14. Pour sensibiliser les apprenants à leur présence, le mieux est de leur faire comparer soit une
transcription "truquée" sans ces phénomènes avec le document sonore qu'ils entendent, soit
l'inverse c'est-à-dire un document sonore avec disparition de ces phénomènes et une transcription
non retouchée.
15. Elle peut se faire là encore par comparaison entre des textes sans implication et l'audition du
document de départ, soit sous forme de tableau où sont opposés les moments où le locuteur
donne de simples "informations" et ceux où on sent fortement sa présence.
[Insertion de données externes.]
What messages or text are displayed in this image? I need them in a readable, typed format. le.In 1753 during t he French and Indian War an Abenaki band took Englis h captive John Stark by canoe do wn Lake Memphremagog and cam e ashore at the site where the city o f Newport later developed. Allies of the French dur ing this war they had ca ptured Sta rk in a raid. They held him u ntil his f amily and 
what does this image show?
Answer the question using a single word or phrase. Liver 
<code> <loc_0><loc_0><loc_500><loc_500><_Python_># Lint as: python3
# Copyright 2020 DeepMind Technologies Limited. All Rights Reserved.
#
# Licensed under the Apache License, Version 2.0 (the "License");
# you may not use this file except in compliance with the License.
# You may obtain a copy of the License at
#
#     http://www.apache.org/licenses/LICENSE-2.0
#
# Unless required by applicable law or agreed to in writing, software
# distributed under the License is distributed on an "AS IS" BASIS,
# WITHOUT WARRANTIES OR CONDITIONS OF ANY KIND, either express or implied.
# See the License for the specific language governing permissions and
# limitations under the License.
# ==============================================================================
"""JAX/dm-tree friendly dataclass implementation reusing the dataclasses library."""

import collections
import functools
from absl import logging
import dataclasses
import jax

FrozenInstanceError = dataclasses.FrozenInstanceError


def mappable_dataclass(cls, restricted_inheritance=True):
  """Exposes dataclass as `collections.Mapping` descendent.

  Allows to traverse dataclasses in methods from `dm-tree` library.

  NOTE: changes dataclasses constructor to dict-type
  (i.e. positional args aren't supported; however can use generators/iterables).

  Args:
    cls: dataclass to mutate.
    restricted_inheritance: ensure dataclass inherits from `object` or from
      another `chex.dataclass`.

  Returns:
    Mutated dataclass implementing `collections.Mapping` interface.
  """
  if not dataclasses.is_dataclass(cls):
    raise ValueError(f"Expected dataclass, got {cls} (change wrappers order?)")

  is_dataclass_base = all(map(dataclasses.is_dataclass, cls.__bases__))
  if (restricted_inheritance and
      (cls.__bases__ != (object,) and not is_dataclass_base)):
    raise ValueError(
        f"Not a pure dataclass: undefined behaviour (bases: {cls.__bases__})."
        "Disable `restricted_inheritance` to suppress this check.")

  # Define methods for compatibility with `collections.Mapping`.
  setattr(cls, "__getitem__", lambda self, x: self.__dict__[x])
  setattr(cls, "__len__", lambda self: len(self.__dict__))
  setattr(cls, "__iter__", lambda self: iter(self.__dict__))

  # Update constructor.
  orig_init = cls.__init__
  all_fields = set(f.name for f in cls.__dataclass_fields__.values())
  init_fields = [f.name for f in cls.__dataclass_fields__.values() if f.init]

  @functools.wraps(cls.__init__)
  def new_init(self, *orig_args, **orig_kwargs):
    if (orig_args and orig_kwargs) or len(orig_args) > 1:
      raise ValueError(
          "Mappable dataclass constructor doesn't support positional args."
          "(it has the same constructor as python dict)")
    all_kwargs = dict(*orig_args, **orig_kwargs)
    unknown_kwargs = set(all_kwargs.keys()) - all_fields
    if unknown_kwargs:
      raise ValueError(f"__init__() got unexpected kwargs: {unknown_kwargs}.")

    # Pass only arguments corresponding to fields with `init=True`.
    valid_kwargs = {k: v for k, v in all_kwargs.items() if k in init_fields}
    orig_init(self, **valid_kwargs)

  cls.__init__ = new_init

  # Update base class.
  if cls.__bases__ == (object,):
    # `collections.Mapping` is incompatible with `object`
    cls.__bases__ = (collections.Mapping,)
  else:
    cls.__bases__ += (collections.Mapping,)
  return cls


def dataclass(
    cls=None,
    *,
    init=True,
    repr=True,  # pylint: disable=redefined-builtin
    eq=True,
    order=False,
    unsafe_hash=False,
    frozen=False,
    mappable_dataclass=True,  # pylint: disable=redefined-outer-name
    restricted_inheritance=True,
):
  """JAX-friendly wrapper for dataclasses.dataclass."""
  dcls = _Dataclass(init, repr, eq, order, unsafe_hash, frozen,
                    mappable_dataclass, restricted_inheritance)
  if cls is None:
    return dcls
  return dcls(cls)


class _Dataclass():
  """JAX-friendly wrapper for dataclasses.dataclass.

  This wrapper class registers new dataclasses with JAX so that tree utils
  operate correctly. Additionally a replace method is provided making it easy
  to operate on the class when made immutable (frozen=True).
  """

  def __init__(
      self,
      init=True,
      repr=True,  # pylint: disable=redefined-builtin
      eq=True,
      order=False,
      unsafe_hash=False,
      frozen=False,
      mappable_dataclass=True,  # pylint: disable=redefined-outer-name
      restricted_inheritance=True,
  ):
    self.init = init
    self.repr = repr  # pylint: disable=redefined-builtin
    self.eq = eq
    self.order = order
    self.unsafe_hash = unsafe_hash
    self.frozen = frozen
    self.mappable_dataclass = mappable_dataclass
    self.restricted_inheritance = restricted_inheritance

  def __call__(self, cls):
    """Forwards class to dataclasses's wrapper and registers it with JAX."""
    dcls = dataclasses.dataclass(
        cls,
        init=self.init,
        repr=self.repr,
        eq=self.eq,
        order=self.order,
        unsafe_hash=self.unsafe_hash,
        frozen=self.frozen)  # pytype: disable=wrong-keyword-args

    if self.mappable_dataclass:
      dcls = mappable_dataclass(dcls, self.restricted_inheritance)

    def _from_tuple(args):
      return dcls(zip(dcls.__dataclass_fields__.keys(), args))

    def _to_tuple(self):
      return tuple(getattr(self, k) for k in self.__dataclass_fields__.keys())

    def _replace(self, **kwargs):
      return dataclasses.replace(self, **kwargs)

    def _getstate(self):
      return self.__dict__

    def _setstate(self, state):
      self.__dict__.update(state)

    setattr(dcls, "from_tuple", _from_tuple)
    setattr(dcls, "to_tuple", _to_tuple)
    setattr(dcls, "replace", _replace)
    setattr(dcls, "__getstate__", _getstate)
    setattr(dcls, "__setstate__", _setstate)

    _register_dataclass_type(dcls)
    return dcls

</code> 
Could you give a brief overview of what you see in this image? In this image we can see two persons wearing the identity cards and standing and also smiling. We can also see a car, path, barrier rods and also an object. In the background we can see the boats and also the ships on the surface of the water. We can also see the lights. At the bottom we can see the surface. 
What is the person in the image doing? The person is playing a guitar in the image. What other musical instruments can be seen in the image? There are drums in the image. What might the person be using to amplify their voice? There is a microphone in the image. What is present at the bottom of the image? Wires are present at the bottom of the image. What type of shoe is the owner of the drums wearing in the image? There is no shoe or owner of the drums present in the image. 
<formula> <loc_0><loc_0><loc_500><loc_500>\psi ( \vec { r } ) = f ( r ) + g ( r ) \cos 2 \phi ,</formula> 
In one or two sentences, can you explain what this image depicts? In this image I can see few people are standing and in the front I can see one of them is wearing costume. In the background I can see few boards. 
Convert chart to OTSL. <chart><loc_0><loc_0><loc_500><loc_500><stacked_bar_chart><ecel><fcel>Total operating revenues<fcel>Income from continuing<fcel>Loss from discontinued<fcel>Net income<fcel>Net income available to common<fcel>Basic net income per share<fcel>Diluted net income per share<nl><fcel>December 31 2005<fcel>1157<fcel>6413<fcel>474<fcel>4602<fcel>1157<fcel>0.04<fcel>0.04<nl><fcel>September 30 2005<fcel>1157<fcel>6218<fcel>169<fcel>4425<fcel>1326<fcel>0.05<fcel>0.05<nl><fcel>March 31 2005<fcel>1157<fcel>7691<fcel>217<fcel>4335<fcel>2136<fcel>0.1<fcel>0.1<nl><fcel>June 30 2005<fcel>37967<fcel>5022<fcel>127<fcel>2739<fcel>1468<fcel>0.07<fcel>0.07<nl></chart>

16. On peut également sensibiliser les apprenants à la différence entre locuteur et énonciateur, sans
utiliser de métalangage particulier, lors des activités de production en leur demandant, par
exemple, de simuler différentes manières de présenter à la radio le programme d'un spectacle en
1. lisant simplement le programme 2.en faisant précéder la lecture d'un commentaire sur le lieu et
les activités présentées 3.en faisant les mêmes commentaires en y insérant un court interview
d'un des interprètes.
17. Je citerai l'exemple d'un travail proposé dans "Des Parisiens ont la parole" où on invite dans un
premier temps à écouter le récit d'une habitante du quartier racontant les problèmes qu'elle vit
avec son propriétaire qui tente de l'expulser, à lire ensuite le tract qu'elle a rédigé sur le sujet et à
comparer les deux "textes". Dans le même document, il est question de l'expulsion d'une
concierge. Un tract (rédigé sur le mode du "il") concerne cet événement. On fait comparer les deux
tracts et on demande aux apprenants de rédiger un tract sur le problème du premier locuteur à
l'aide du deuxième, et on leur demande de fabriquer un document sonore (la concierge vient d'être
expulsée, des habitants s'émeuvent, un journaliste se rend sur les lieux) en utilisant les
informations données dans le deuxième tract.